Since \(\left\langle\tilde s,\varphi\right\rangle_{L^2(\mathbb{R})}=\left\langle s,\varphi\right\rangle_{L^2(\mathbb{R})},\forall\varphi\in L^2(\mathbb{R})\) then in the weak sense \(\tilde s = s\).

It is worth noting that this proof is better expressed with concepts of operator algebra. Let’s consider \(F\) a function on \(E\) such that \(F(x)\in B\) forall \(x\in E\), where \(B\) is a Banach space, we therefore have \[\begin{equation} f = \int_E F(x)\mathrm{d}x\implies \left\langle f,\varphi\right\rangle = \int_E \left\langle F(x),\varphi\right\rangle \mathrm{d}x \end{equation}\] for all \(\varphi\in B^*\) where \(B^*\) is the dual space to \(B\). Moreover, if the mapping \(\ell(\varphi)\mapsto\int_E \left\langle F(x),\varphi\right\rangle\mathrm{d}x\) is a bounded linear operator on \(B^*\), then \(\ell\) defines a unique element \(f\in B^{**}\). If \(B\) is a reflexive Banach space \(\left(B^{**}=B\right)\), we have a \(f\in B\). In our case, \(E=\mathbb{R}^2\) and \(F\in L^2(\mathbb{R}^2)\). Let \(f\) be defined as \[\begin{equation} f = \iint_{\mathbb{R}^2} F(\tau,\omega)M_\omega T_\tau \gamma \mathrm{d}\omega\mathrm{d}\tau \end{equation}\] The operator \(\ell\) is then defined as \[\begin{equation} \ell(\varphi) = \iint_{\mathbb{R}^2} F(\tau,\omega)\left\langle M_\omega T_\tau \gamma,\varphi\right\rangle_{L^2(\mathbb{R})} \mathrm{d}\omega\mathrm{d}\tau = \iint_{\mathbb{R}^2} F(\tau,\omega) \overline{\left\langle V_\gamma \varphi\right\rangle}_{L^2(\mathbb{R})} \mathrm{d}\omega\mathrm{d}\tau \end{equation}\] We prove \(\ell\) is a bounded operator on \(B^*=L^2(\mathbb{R})\) with the help of the Cauchy-Schwartz inequality and Parseval’s formula.

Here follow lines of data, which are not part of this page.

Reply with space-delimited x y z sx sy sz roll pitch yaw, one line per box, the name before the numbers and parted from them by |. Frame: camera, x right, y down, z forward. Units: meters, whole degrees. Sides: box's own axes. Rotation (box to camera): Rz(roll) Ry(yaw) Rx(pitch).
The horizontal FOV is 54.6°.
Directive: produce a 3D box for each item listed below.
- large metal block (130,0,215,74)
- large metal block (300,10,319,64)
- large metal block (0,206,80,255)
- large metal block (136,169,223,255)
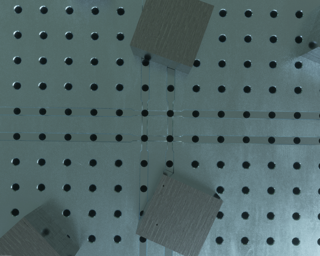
large metal block | 0.015 -0.124 0.401 0.080 0.050 0.080 20 90 0
large metal block | 0.246 -0.121 0.402 0.080 0.050 0.080 23 90 0
large metal block | -0.167 0.163 0.400 0.080 0.050 0.080 -43 90 0
large metal block | 0.024 0.108 0.401 0.080 0.050 0.080 25 90 0
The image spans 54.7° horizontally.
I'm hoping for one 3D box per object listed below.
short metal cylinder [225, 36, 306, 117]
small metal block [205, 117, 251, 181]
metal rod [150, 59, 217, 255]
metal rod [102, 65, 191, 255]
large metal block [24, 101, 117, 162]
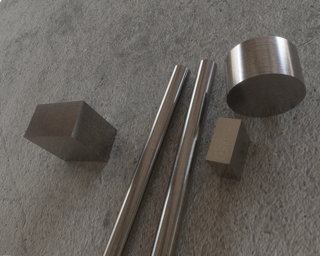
[{"bbox_3d":[0.113,-0.054,0.342,0.080,0.080,0.050,-10,58,22],"label":"short metal cylinder"},{"bbox_3d":[0.075,0.023,0.334,0.025,0.050,0.050,7,65,31],"label":"small metal block"},{"bbox_3d":[0.027,0.046,0.359,0.025,0.025,0.300,2,62,29],"label":"metal rod"},{"bbox_3d":[-0.017,0.050,0.380,0.025,0.025,0.300,7,65,31],"label":"metal rod"},{"bbox_3d":[-0.119,0.007,0.425,0.080,0.080,0.050,-2,61,27],"label":"large metal block"}]
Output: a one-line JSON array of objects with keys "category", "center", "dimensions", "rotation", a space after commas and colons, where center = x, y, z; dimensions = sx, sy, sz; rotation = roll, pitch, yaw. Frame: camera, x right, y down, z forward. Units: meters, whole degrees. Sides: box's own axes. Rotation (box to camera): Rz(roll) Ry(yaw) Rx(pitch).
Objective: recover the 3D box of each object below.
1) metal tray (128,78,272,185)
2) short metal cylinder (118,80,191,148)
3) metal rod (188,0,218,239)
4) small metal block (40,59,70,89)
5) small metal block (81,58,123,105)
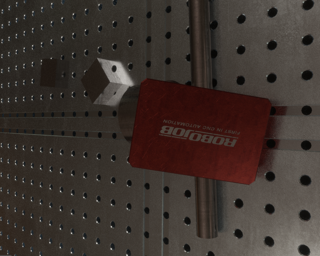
[{"category": "metal tray", "center": [0.039, 0.003, 0.321], "dimensions": [0.131, 0.030, 0.089], "rotation": [9, 98, -3]}, {"category": "short metal cylinder", "center": [-0.004, -0.015, 0.375], "dimensions": [0.050, 0.081, 0.079], "rotation": [-2, 89, 39]}, {"category": "metal rod", "center": [0.051, -0.024, 0.366], "dimensions": [0.025, 0.025, 0.298], "rotation": [-3, 88, 39]}, {"category": "small metal block", "center": [-0.192, -0.099, 0.564], "dimensions": [0.050, 0.025, 0.050], "rotation": [10, 96, 39]}, {"category": "small metal block", "center": [-0.092, -0.072, 0.482], "dimensions": [0.050, 0.025, 0.050], "rotation": [-44, 64, 30]}]
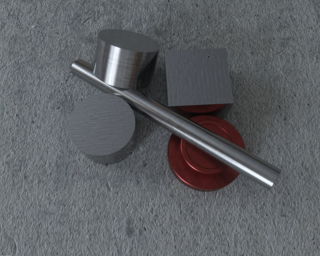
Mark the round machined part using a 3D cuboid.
[{"bbox_3d":[0.059,0.028,0.390,0.099,0.042,0.098,0,70,0],"label":"round machined part"}]

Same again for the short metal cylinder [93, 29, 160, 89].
[{"bbox_3d":[-0.044,-0.092,0.409,0.081,0.050,0.080,12,31,-7],"label":"short metal cylinder"}]

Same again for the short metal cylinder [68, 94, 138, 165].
[{"bbox_3d":[-0.070,0.003,0.395,0.081,0.050,0.080,0,70,0],"label":"short metal cylinder"}]

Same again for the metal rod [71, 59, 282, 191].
[{"bbox_3d":[0.001,-0.016,0.379,0.300,0.025,0.025,31,72,24],"label":"metal rod"}]

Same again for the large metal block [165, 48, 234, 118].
[{"bbox_3d":[0.048,-0.057,0.415,0.081,0.050,0.080,-3,70,-1],"label":"large metal block"}]

\[\begin{equation} \forall\varphi\in L^2(\mathbb{R}),\left\lvert\ell(\varphi)\right\rvert \leq \left\lVert F\right\rVert_2 \left\lVert V_\gamma \varphi\right\rVert_2 = \left\lVert F\right\rVert_2 \left\lVert\gamma\right\rVert_2 \left\lVert\varphi\right\rVert_2 \end{equation}\] Which implies that \(\ell\) defines a unique function \(f\in L^2(\mathbb{R})\) such that \(\left\langle f,\varphi\right\rangle_{L^2(\mathbb{R})} = \ell(\varphi),\forall\varphi\in L^2(\mathbb{R})\).